New York University

To improve measurement and modeling of the evolving labor market behaviors, expectations, and preferences of middle and upper-middle income households headed by older Americans

  • Amount $487,109
  • City New York, NY
  • Investigator Andrew Caplin
  • Year 2012
  • Program Research
  • Sub-program Working Longer

The most popularly used survey of older Americans-the National Institute on Aging's (NIA) Health and Retirement Study (HRS)-has a limited number of questions that address with any specificity the ways that Americans work into their 60s and 70s as they transition from full-time employment to full-time retirement. What is needed is an opportunity to devise and test questions that will better capture the aspirations, expectations, and work patterns of aging Americans so as to improve the measurement and modeling of older Americans' evolving labor market behaviors. This grant to fund the work of New York University economist Andrew Caplin provides such an opportunity. Caplin has formed a partnership with NIA and Vanguard, one of the world's largest investment management companies, to createe a panel of older Americans, entitled, the MINYVan panel. This MINYVan panel will allow Caplin and colleagues to experiment with questions that will better measure labor market preferences and opportunities of an aging population. They will also pose questions concerning expectations of future work and pay and questions concerning hypothetical behavior in various possible future contingencies.
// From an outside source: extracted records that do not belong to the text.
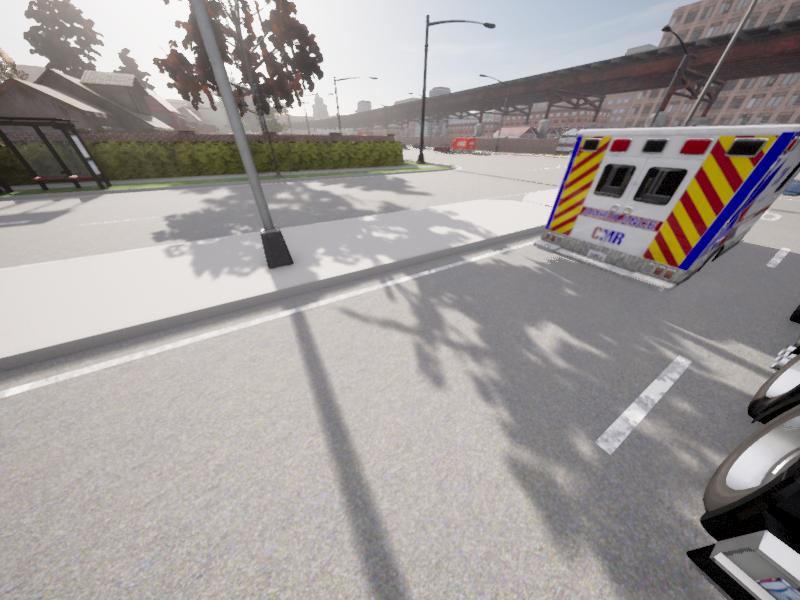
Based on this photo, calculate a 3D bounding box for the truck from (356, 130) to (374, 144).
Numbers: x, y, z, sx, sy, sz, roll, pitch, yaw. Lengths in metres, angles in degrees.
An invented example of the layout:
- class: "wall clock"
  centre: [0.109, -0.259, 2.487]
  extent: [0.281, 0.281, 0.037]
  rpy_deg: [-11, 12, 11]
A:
- class: "truck"
  centre: [-12.134, -55.799, 79.034]
  extent: [2.891, 3.827, 8.468]
  rpy_deg: [-18, 40, -24]

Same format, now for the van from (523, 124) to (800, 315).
- class: "van"
  centre: [6.204, -2.238, 5.124]
  extent: [6.366, 2.431, 2.351]
  rpy_deg: [-18, 39, -24]

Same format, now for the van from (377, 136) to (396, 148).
- class: "van"
  centre: [-3.617, -42.223, 61.735]
  extent: [2.351, 2.431, 6.366]
  rpy_deg: [-18, 40, -24]

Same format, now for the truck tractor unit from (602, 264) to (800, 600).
- class: "truck tractor unit"
  centre: [5.113, -0.297, 0.791]
  extent: [6.516, 4.208, 3.053]
  rpy_deg: [-18, 39, -24]

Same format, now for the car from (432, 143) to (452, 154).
- class: "car"
  centre: [8.168, -29.738, 45.312]
  extent: [1.789, 1.549, 3.705]
  rpy_deg: [-18, 39, -24]

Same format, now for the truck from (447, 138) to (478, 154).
- class: "truck"
  centre: [12.126, -30.167, 45.174]
  extent: [2.627, 2.467, 5.204]
  rpy_deg: [-18, 39, -24]

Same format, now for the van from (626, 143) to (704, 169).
- class: "van"
  centre: [27.095, -14.963, 23.863]
  extent: [2.069, 2.038, 4.480]
  rpy_deg: [-18, 39, -24]
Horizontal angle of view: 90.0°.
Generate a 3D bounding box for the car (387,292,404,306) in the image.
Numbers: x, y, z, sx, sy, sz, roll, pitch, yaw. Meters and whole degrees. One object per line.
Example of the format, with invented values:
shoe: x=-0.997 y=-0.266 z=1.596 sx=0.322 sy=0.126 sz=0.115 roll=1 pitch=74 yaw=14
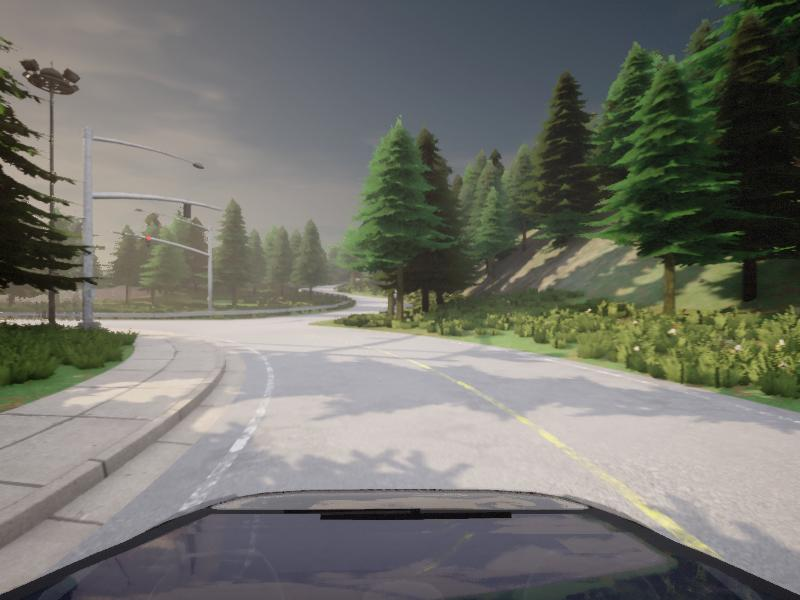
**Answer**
car: x=-0.639 y=-0.154 z=52.188 sx=1.882 sy=1.535 sz=5.008 roll=1 pitch=4 yaw=-4
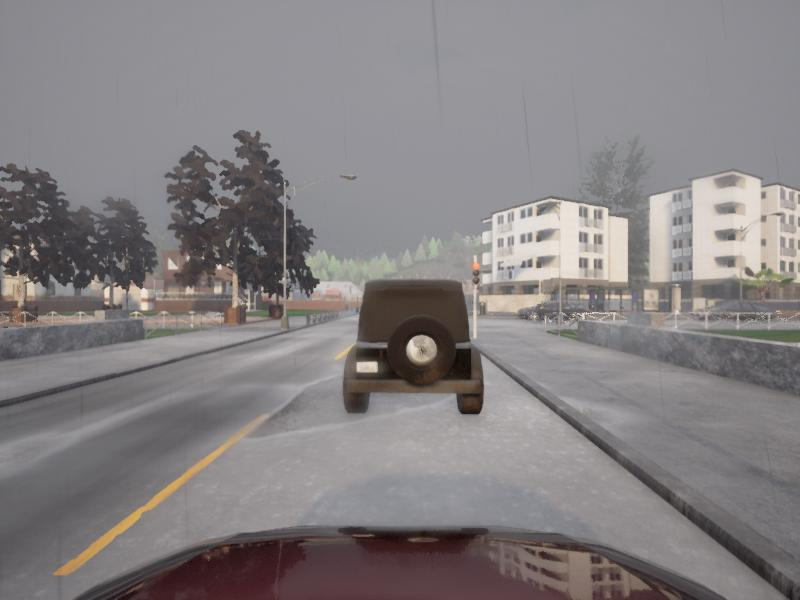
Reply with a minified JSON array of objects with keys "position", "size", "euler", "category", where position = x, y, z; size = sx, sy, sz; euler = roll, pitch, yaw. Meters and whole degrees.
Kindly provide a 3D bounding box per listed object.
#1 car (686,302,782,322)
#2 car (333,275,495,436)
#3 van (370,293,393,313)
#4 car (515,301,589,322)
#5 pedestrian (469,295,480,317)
[{"position":[24.717,0.893,29.781],"size":[5.357,1.411,2.033],"euler":[0,0,2],"category":"car"},{"position":[0.220,0.646,6.640],"size":[1.905,1.878,3.866],"euler":[0,0,2],"category":"car"},{"position":[-2.300,0.376,51.361],"size":[2.351,2.431,6.366],"euler":[0,0,2],"category":"van"},{"position":[11.387,0.843,30.208],"size":[4.892,1.490,1.837],"euler":[0,0,2],"category":"car"},{"position":[6.499,0.523,34.945],"size":[0.751,1.860,0.751],"euler":[0,0,-7],"category":"pedestrian"}]
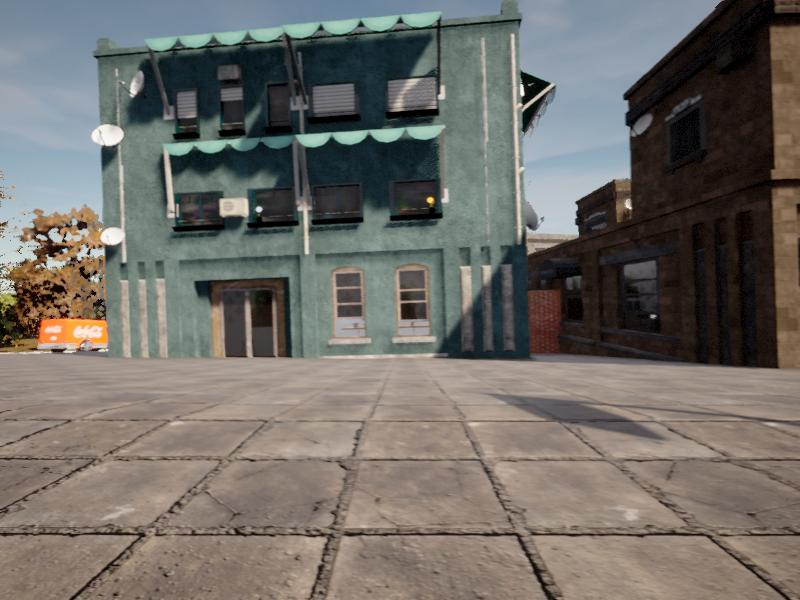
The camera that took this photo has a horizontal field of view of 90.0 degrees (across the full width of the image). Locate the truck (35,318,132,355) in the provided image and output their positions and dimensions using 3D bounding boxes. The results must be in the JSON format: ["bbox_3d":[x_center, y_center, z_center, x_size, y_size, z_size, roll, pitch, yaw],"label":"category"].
[{"bbox_3d":[-23.572,2.796,30.177,2.627,2.467,5.204,-2,-6,9],"label":"truck"}]
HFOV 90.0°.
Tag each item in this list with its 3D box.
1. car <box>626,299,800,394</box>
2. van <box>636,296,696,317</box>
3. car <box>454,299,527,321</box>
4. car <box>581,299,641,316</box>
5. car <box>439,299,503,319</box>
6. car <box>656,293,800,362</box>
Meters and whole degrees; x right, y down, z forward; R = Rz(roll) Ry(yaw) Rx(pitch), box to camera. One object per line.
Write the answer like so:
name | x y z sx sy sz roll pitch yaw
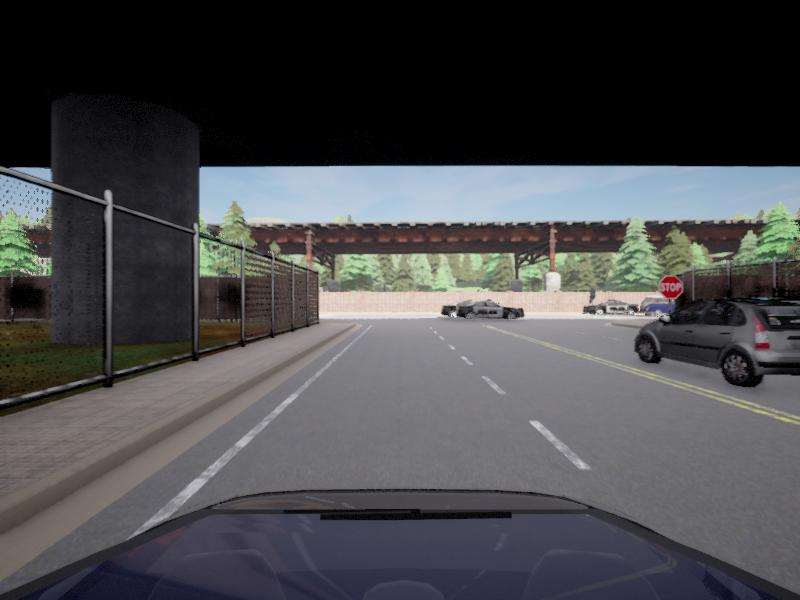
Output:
car | 6.999 0.787 8.755 1.851 1.617 3.988 0 0 0
van | 25.197 0.593 37.972 4.442 1.987 1.775 0 0 1
car | 6.970 0.766 31.250 5.238 1.638 1.930 0 0 1
car | 21.824 0.765 41.512 5.238 1.638 1.930 0 0 1
car | 6.118 0.766 34.765 5.238 1.638 1.930 0 0 1
car | 10.495 0.693 12.483 2.097 1.767 4.553 0 0 0
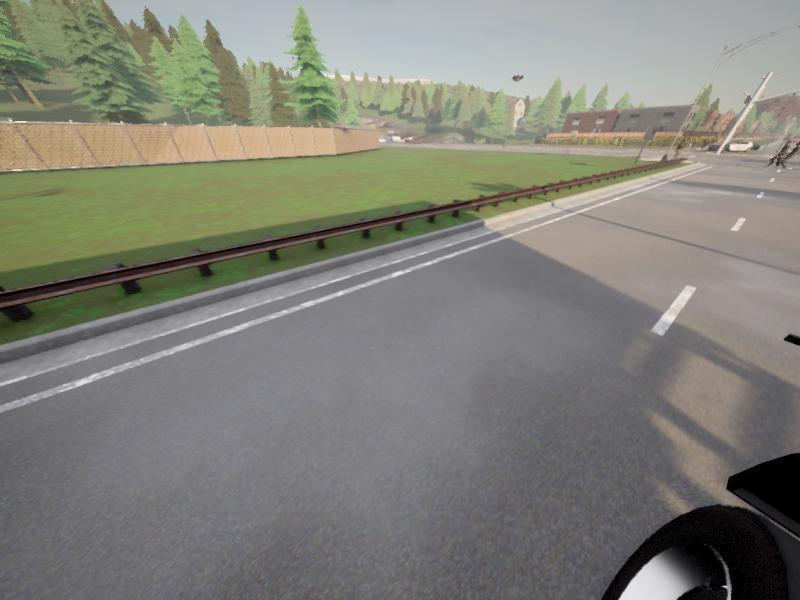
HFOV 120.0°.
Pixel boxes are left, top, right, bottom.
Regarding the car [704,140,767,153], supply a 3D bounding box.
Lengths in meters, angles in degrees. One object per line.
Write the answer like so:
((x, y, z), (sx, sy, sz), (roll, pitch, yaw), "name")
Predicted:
((51.476, -23.724, 35.639), (4.974, 1.542, 2.038), (14, 38, 19), "car")

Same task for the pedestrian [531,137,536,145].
((39.133, -46.625, 67.629), (0.751, 1.860, 0.751), (7, 36, 10), "pedestrian")

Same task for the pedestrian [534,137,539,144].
((42.082, -49.195, 71.240), (0.751, 1.860, 0.751), (9, 36, 13), "pedestrian")

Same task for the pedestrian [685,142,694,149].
((50.981, -27.208, 40.681), (0.500, 1.100, 0.500), (13, 37, 18), "pedestrian")

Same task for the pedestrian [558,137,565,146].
((41.207, -40.472, 58.898), (0.751, 1.860, 0.751), (-26, 43, -31), "pedestrian")

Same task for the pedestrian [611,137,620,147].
((47.846, -35.136, 51.278), (0.751, 1.860, 0.751), (-22, 41, -28), "pedestrian")

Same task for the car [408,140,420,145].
((4.898, -54.482, 79.813), (1.994, 1.385, 4.181), (-22, 40, -27), "car")

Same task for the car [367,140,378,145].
((-10.193, -58.445, 85.477), (1.816, 1.474, 4.193), (-26, 42, -31), "car")

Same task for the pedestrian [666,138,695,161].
((27.186, -14.636, 22.449), (0.751, 1.860, 0.751), (-1, 35, 0), "pedestrian")

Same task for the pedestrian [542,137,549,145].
((38.770, -42.418, 61.676), (0.751, 1.860, 0.751), (-13, 37, -18), "pedestrian")

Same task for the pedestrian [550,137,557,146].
((40.113, -41.415, 60.242), (0.751, 1.860, 0.751), (-15, 38, -19), "pedestrian")

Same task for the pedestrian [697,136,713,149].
((52.441, -27.050, 39.732), (0.751, 1.860, 0.751), (-22, 41, -28), "pedestrian")

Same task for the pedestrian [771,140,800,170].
((29.631, -10.987, 17.524), (0.751, 1.860, 0.751), (-22, 41, -28), "pedestrian")

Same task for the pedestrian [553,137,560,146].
((40.500, -41.111, 59.809), (0.751, 1.860, 0.751), (-22, 40, -27), "pedestrian")

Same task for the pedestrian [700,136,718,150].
((52.418, -26.671, 39.199), (0.751, 1.860, 0.751), (-10, 36, -13), "pedestrian")

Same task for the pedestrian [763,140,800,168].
((30.699, -11.752, 18.596), (0.751, 1.860, 0.751), (-27, 43, -32), "pedestrian")

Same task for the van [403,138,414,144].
((3.074, -60.038, 87.114), (2.069, 2.038, 4.480), (-20, 40, -25), "van")
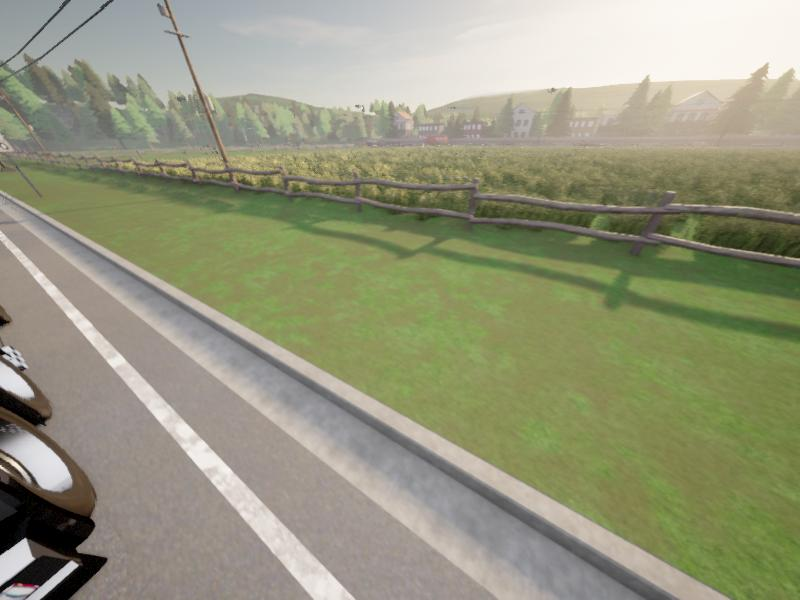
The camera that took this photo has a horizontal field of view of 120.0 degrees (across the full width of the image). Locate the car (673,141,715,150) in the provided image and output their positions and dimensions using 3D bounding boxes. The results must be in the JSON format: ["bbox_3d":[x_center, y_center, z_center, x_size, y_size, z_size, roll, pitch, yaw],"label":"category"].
[{"bbox_3d":[66.264,-34.924,52.211,5.366,1.575,1.801,18,39,25],"label":"car"}]

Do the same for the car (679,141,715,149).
[{"bbox_3d":[71.995,-37.665,56.099,5.008,1.535,1.882,18,39,25],"label":"car"}]

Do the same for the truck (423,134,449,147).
[{"bbox_3d":[12.906,-58.029,84.037,8.468,3.827,2.891,18,39,25],"label":"truck"}]

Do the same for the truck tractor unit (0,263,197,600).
[{"bbox_3d":[-5.112,-0.298,0.791,6.516,4.208,3.053,18,39,24],"label":"truck tractor unit"}]
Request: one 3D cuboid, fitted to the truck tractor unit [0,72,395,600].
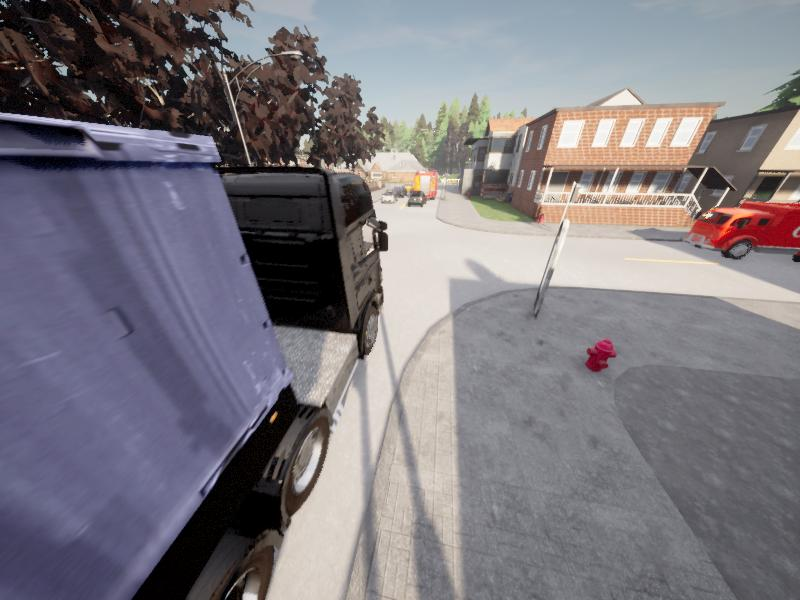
[{"bbox_3d":[-2.237,0.246,3.358,3.053,4.208,6.516,5,31,9],"label":"truck tractor unit"}]

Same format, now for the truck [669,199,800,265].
[{"bbox_3d":[18.231,-3.433,11.497,5.204,2.467,2.627,7,31,11],"label":"truck"}]

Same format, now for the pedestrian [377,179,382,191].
[{"bbox_3d":[-3.785,-21.397,42.951,0.751,1.860,0.751,5,30,9],"label":"pedestrian"}]

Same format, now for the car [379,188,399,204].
[{"bbox_3d":[-1.281,-13.276,29.471,1.845,1.501,3.633,4,30,7],"label":"car"}]

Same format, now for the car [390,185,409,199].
[{"bbox_3d":[-0.005,-16.512,35.211,2.033,1.411,5.357,5,30,8],"label":"car"}]

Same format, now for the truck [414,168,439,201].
[{"bbox_3d":[4.013,-17.185,33.950,2.891,3.827,8.468,5,31,9],"label":"truck"}]

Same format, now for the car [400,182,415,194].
[{"bbox_3d":[1.399,-20.204,41.419,1.801,1.575,5.366,5,30,9],"label":"car"}]

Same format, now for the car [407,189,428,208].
[{"bbox_3d":[2.108,-12.004,27.190,1.851,1.617,3.988,7,31,12],"label":"car"}]
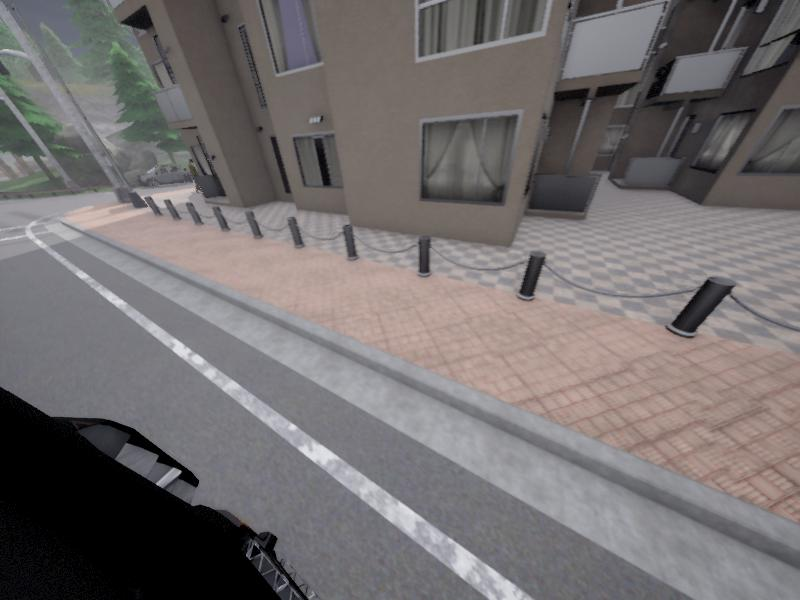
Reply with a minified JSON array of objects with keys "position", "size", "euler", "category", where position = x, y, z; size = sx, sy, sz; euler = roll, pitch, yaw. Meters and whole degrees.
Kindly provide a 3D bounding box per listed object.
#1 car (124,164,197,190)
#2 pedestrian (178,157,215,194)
[{"position":[-20.122,-10.536,19.631],"size":[1.845,1.501,3.633],"euler":[15,38,25],"category":"car"},{"position":[-12.202,-7.491,13.897],"size":[0.751,1.860,0.751],"euler":[15,38,24],"category":"pedestrian"}]

For example, they will investigate whether or not an individual who chooses to stop work believes that they would be able to return to work for high pay at some point in the future. By studying panel responses Caplin and colleagues will begin to develop appropriate structural models of labor market behavior and design a complementary survey that will focus on labor market preferences and behaviors. This work will not only yield interesting insights in itself, but will be useful to future discussions about how how labor-market activities questions on the HRS can be made more robust.